(What you are asked to do):
Go through the entries below and say how many lines contain the string "list"; write only that number.

▬▬▬▬▬▬

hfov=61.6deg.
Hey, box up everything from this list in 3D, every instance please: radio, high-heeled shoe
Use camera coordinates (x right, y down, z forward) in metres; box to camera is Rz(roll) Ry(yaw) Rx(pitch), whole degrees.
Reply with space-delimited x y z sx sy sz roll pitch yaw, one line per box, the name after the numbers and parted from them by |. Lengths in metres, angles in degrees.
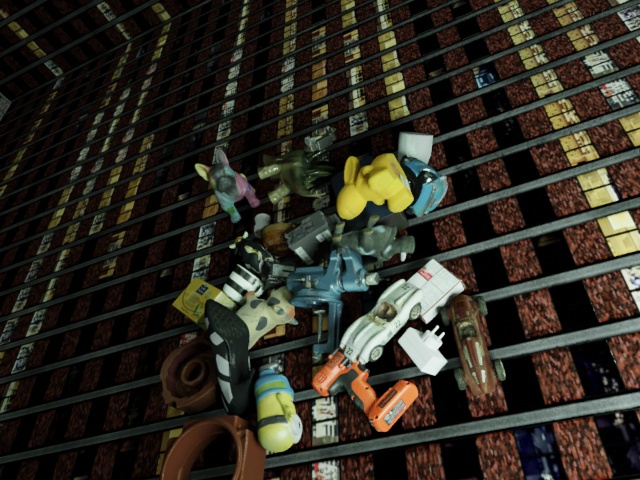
0.116 -0.097 1.326 0.131 0.073 0.230 -28 42 10 | radio
-0.209 0.257 1.178 0.249 0.086 0.145 53 128 35 | high-heeled shoe

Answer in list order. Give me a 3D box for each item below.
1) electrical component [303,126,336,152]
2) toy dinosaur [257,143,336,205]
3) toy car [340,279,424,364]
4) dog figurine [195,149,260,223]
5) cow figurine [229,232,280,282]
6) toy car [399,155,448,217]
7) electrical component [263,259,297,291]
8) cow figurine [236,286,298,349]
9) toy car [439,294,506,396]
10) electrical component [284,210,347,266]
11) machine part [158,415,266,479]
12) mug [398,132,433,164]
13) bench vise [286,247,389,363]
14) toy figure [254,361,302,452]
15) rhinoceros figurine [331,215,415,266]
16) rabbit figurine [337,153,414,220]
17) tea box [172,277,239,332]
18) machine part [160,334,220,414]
-0.001 -0.265 1.409 0.102 0.045 0.078 -30 29 -29 | electrical component
-0.063 -0.186 1.449 0.199 0.105 0.472 -23 28 8 | toy dinosaur
0.122 0.159 1.051 0.202 0.056 0.074 -42 43 -19 | toy car
-0.269 -0.169 1.522 0.108 0.219 0.192 -32 44 -1 | dog figurine
-0.181 0.031 1.382 0.068 0.098 0.168 -48 47 -8 | cow figurine
0.240 -0.125 1.252 0.162 0.103 0.109 60 136 47 | toy car
-0.076 0.090 1.295 0.119 0.047 0.075 7 43 -15 | electrical component
-0.135 0.180 1.237 0.195 0.085 0.127 -42 46 -1 | cow figurine
0.280 0.187 0.997 0.089 0.053 0.202 -16 46 16 | toy car
-0.003 -0.004 1.289 0.134 0.114 0.058 -30 48 6 | electrical component
-0.214 0.454 1.052 0.201 0.087 0.201 -14 49 21 | machine part
0.237 -0.211 1.333 0.081 0.109 0.107 18 108 36 | mug
0.025 0.142 1.153 0.224 0.128 0.240 -2 73 19 | bench vise
-0.092 0.336 1.081 0.089 0.082 0.180 -29 46 4 | toy figure
0.115 0.009 1.204 0.190 0.111 0.073 -4 30 15 | rhinoceros figurine
0.103 -0.122 1.223 0.173 0.121 0.162 -38 48 25 | rabbit figurine
-0.287 0.162 1.332 0.098 0.068 0.170 -52 31 -17 | tea box
-0.285 0.310 1.241 0.179 0.056 0.179 -16 47 18 | machine part

▬▬▬▬▬▬

(Written solution):
2